How do we respond when content is being created not for our benefit, but to fool search engines or promote extreme points of view? I recently had a preview of one possible answer with a system called the Otherweb, created by AI programmer Alex Fink. The Otherweb attempts to sort through the news of the day and delete “anti-news”. Anti-news is content created by professional news organisations that has no actual news value—his favourite example is a headline from a credible source that read, “Stop what you’re doing and watch this elephant play with bubbles”. This sort of content is created by humans to grab attention: it doesn’t provide useful information about the world, though it might be diverting for a period of time.

Anti-news is Fink’s bête noire, and he has devoted substantial thought to creating a news stream devoid of clickbait and other forms of anti-news. Each day I now receive a newsletter from the Otherweb that has distilled thousands of news stories down to nine selected for their apparent neutrality and newsworthiness. The system works extremely well: in a few moments I get a quick overview of newsworthy headlines with no attempts to capture and redirect my attention.

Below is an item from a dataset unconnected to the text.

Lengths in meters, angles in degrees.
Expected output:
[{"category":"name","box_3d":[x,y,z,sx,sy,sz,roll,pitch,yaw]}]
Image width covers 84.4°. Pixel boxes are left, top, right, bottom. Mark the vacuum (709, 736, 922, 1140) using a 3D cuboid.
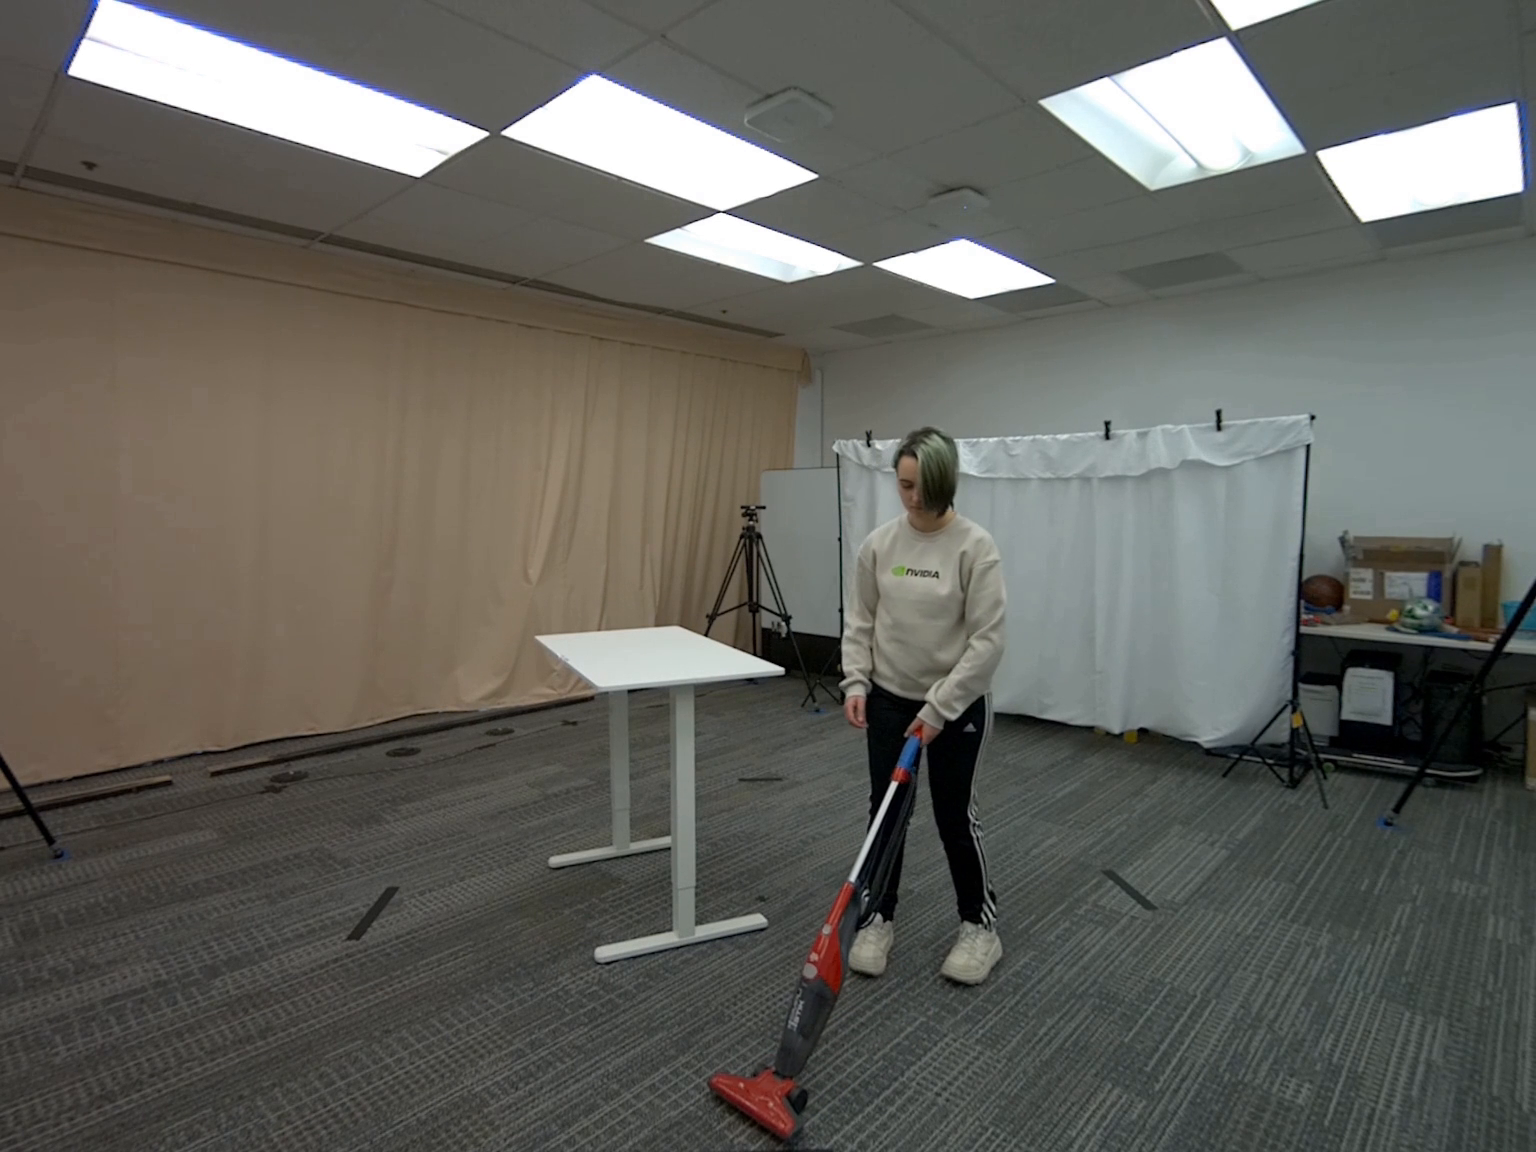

There is an irony in seeking the help of AI to help find our way through a landscape filled with junk created by rival systems of AI. We might have avoided this problem had OpenAI, the creators of ChatGPT, been more responsible in the way it released its tool to the public. It seems likely that users will be able to use ChatGPT or something similar in the very near future, creating an endless stream of junk that can be harnessed either for search engine optimisation or the generation of propaganda. Here’s hoping we quickly see innovation in tools that help us fight back.

We might also benefit from rethinking the incentives that make the current internet work. Spam is a function of an ad-supported internet with constant competition for users’ attention. If we worked on something closer to a subscription model, material would have to be higher quality for users to be willing to pay for it. And if systems like Reddit did not reward users simply for creating content that people happen to engage with, they would have fewer incentives to inflate their post count by publishing junk.

Perhaps there is a way to build incentives that reward high-quality engagement and strongly penalise people for posting AI-generated junk. But for now it seems likely that this battle for our attention will head further into surreal, Borgesian territory as we navigate an infinite series of hexagonal galleries online, armed with tools to help us find those increasingly rare nuggets of genuine human insight.